Generated images live in `agent.images` as `OutputImage` instances:

```python
img = agent.images[0]
img.bytes        # raw image bytes
img.mime_type    # e.g. "image/png"
img.save("out.png")
img.to_base64()
```

You can also extract images directly from any `AIMessage`:

```python
from dm_aioaiagent import OutputImage
images = OutputImage.extract_from(response_message)  # list[OutputImage]
```

### Image memory modes

Images in `agent.memory_messages` (the conversation history sent to the LLM on each turn) and in `agent.images` (the property exposing AI-generated images) follow the `image_memory_mode` constructor argument:

| Mode | Memory (history) | `agent.images` |
|---|---|---|
| `keep_last` *(default)* | last user-image kept; last AI-image kept; older → `[image]` / `[generated image]` placeholder | last AI-image kept; replaced when a new one arrives |
| `drop` | every image (user + AI) becomes a placeholder right after the turn | only the AI-image of the **current** turn (then wiped on the next call) |
| `keep_all` | nothing is stripped — full multimodal history | every AI-image accumulates |

```python
agent = DMAIAgent(model="gpt-4o-mini", image_memory_mode="keep_last")
agent.run_messages([InputImage.from_file("photo.png", text="Describe.")])
agent.run("What colour was dominant?")  # answers based on the image
```

`agent.clear_memory_messages()` clears both `memory_messages` and `images`.

> Only **AI-generated** images populate `agent.images`. Images you upload via `InputImage` go into history per the rules above but are not exposed on the `images` property.

### `agent.as_tool()`

Wrap any agent as a `StructuredTool` so a *parent* agent can call it like any other tool — the basis for multi-agent composition.
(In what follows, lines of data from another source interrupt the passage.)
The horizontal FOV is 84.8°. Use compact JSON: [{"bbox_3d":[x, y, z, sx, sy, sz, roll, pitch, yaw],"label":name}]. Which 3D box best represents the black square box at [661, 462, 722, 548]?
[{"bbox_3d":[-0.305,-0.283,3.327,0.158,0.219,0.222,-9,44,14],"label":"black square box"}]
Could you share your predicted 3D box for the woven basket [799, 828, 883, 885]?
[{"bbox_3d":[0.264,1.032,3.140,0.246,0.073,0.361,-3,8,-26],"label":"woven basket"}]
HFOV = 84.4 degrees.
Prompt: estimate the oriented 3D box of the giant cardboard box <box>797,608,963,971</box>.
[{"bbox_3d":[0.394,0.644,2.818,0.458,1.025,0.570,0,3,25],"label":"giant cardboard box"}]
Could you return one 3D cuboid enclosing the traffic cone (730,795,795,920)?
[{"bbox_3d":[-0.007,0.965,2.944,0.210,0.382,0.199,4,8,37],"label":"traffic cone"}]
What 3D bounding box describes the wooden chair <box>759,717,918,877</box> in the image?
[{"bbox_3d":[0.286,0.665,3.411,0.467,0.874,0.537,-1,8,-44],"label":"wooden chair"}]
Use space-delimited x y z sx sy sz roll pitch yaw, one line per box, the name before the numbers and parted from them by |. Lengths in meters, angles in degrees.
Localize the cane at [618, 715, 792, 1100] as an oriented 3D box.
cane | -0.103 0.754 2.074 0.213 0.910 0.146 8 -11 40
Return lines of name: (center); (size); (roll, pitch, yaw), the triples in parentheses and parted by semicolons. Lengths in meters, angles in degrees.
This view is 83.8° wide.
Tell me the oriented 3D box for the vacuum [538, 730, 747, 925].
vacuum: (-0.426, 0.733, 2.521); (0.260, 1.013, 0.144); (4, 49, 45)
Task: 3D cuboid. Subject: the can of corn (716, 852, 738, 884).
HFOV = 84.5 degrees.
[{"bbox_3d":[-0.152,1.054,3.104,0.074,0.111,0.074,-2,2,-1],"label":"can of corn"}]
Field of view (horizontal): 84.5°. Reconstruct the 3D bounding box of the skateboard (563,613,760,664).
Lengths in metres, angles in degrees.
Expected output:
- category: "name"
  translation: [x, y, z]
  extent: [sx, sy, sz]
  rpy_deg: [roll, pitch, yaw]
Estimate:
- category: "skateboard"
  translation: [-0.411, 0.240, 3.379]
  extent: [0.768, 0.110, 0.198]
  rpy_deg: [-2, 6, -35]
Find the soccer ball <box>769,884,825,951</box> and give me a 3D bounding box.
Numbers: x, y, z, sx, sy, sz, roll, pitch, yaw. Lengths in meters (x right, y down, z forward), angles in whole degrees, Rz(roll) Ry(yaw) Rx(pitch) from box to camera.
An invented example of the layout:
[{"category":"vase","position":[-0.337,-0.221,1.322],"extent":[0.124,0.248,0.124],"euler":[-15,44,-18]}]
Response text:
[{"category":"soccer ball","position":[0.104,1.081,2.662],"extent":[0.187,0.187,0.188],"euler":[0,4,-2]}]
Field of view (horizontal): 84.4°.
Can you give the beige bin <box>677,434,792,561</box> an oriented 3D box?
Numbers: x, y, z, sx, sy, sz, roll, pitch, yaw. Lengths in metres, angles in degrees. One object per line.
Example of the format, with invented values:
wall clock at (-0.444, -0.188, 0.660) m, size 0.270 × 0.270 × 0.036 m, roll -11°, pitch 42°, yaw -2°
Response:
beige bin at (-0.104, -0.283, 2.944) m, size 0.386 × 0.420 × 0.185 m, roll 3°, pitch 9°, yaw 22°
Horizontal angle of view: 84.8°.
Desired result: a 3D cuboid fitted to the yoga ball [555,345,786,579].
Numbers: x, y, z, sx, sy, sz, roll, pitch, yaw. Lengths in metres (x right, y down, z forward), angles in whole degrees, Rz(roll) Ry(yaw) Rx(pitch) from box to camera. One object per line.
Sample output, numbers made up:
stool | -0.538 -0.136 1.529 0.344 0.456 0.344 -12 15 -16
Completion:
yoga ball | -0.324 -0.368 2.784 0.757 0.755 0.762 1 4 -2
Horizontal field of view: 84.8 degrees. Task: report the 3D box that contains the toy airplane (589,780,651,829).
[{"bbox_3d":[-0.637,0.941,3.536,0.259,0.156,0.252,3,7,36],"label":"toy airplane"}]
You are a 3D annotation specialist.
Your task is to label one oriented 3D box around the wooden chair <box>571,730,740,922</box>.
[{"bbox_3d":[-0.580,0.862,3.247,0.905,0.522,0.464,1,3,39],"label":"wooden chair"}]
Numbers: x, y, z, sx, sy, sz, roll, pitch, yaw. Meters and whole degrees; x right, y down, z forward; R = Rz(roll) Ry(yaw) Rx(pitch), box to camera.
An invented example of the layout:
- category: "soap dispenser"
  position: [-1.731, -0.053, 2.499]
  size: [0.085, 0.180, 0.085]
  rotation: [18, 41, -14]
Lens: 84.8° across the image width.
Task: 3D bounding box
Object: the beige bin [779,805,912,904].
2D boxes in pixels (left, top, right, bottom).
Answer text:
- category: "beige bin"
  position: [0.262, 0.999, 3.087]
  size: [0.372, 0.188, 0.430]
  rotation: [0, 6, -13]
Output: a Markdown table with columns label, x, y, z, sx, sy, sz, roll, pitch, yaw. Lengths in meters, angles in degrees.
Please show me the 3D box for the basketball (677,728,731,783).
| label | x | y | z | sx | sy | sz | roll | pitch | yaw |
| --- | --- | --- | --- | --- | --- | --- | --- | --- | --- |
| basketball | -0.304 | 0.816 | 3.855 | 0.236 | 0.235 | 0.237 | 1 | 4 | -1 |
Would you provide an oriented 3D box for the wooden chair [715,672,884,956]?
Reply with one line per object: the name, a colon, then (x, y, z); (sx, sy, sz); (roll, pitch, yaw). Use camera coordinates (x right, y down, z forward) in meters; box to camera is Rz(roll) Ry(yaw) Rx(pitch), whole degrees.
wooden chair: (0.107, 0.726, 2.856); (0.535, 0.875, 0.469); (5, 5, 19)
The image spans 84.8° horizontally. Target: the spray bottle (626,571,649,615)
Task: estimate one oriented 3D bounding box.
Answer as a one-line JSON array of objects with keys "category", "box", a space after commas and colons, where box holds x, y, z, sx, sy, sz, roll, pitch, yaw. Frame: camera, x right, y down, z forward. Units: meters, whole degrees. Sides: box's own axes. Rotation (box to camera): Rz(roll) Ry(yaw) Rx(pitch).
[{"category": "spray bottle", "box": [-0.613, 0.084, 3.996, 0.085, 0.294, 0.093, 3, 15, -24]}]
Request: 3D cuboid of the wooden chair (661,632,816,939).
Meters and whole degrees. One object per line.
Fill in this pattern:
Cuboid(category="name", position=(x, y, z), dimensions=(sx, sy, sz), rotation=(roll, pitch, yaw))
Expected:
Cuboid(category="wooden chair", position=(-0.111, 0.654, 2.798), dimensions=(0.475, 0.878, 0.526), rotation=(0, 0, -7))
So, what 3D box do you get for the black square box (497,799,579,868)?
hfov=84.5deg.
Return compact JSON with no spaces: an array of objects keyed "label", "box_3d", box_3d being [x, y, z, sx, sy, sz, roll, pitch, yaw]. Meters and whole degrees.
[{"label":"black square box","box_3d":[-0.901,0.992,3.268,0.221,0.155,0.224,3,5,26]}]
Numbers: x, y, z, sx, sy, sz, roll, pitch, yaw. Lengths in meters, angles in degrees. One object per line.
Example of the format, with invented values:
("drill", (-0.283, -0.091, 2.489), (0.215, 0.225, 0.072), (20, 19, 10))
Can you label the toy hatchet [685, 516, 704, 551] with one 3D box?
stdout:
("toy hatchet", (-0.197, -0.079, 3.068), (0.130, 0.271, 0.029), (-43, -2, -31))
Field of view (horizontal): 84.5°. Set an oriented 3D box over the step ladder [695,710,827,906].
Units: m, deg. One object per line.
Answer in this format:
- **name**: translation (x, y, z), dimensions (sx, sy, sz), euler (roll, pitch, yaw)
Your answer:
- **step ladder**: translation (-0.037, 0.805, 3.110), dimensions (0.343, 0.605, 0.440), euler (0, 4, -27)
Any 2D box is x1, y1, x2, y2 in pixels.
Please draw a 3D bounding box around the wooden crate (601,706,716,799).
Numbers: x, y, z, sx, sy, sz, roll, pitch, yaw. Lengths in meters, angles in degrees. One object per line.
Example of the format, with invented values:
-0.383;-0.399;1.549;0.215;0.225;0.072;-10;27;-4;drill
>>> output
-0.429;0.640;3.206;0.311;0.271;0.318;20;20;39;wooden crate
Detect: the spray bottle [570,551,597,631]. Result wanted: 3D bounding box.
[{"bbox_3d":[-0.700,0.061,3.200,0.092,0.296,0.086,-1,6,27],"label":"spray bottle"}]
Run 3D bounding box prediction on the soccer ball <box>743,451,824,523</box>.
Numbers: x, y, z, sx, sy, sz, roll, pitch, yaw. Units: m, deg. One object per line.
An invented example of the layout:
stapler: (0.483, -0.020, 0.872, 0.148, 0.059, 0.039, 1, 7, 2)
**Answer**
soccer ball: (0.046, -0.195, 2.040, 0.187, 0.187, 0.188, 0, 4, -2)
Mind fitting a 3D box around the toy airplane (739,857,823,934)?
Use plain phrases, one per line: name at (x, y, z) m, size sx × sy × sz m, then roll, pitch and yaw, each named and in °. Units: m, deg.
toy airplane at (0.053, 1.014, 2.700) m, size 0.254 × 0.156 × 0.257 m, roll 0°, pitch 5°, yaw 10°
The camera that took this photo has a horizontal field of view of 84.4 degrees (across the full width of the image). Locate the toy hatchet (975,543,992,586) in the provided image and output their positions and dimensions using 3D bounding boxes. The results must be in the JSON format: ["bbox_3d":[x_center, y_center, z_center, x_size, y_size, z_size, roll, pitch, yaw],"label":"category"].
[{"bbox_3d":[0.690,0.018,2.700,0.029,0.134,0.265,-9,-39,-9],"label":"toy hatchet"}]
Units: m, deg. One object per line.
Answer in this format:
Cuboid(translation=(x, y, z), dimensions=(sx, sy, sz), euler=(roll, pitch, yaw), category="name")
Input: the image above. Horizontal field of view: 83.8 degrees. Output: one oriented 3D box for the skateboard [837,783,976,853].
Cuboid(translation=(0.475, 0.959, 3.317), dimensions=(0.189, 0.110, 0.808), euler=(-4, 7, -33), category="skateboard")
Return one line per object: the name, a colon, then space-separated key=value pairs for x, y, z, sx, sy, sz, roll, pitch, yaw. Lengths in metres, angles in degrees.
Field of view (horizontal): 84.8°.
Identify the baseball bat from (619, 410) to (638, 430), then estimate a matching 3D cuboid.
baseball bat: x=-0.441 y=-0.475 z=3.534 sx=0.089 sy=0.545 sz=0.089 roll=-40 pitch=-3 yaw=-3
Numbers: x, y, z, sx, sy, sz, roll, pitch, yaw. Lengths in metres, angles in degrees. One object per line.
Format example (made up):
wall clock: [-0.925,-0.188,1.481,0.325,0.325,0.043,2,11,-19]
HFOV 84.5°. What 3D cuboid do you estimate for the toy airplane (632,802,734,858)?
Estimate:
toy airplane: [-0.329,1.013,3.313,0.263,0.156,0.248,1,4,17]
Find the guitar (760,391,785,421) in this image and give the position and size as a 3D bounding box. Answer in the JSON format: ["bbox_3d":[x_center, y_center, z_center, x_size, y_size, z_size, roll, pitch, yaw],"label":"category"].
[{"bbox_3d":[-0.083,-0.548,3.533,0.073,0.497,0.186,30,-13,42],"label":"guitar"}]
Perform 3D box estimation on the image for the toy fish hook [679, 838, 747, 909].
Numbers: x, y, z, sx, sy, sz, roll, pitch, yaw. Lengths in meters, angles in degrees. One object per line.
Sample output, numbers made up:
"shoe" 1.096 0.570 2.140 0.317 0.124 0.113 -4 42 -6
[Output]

Default name is derived from `agent_name` (lowercased, non-alphanumerics replaced with `_`); `description` is required.

```python
from dm_aioaiagent import DMAIAgent

# specialised image agent
image_agent = DMAIAgent(
    agent_name="image_drawer",
    model="google_genai:gemini-2.5-flash-image",
    enable_image_generation=True,
)

# chat agent that delegates drawing to the image agent
chat_agent = DMAIAgent(
    model="google_genai:gemini-2.5-flash",
    tools=[image_agent.as_tool(description="Generates an image from a text prompt.")],
)

chat_agent.run("Hi! Please draw a small red square.")
# the chat agent picks the tool, the image agent draws, image lands in image_agent.images
image_agent.images[0].save("out.png")
```

The async client (`DMAioAIAgent.as_tool`) returns a tool with both `func` and `coroutine` set, so it can be invoked from sync or async parent agents.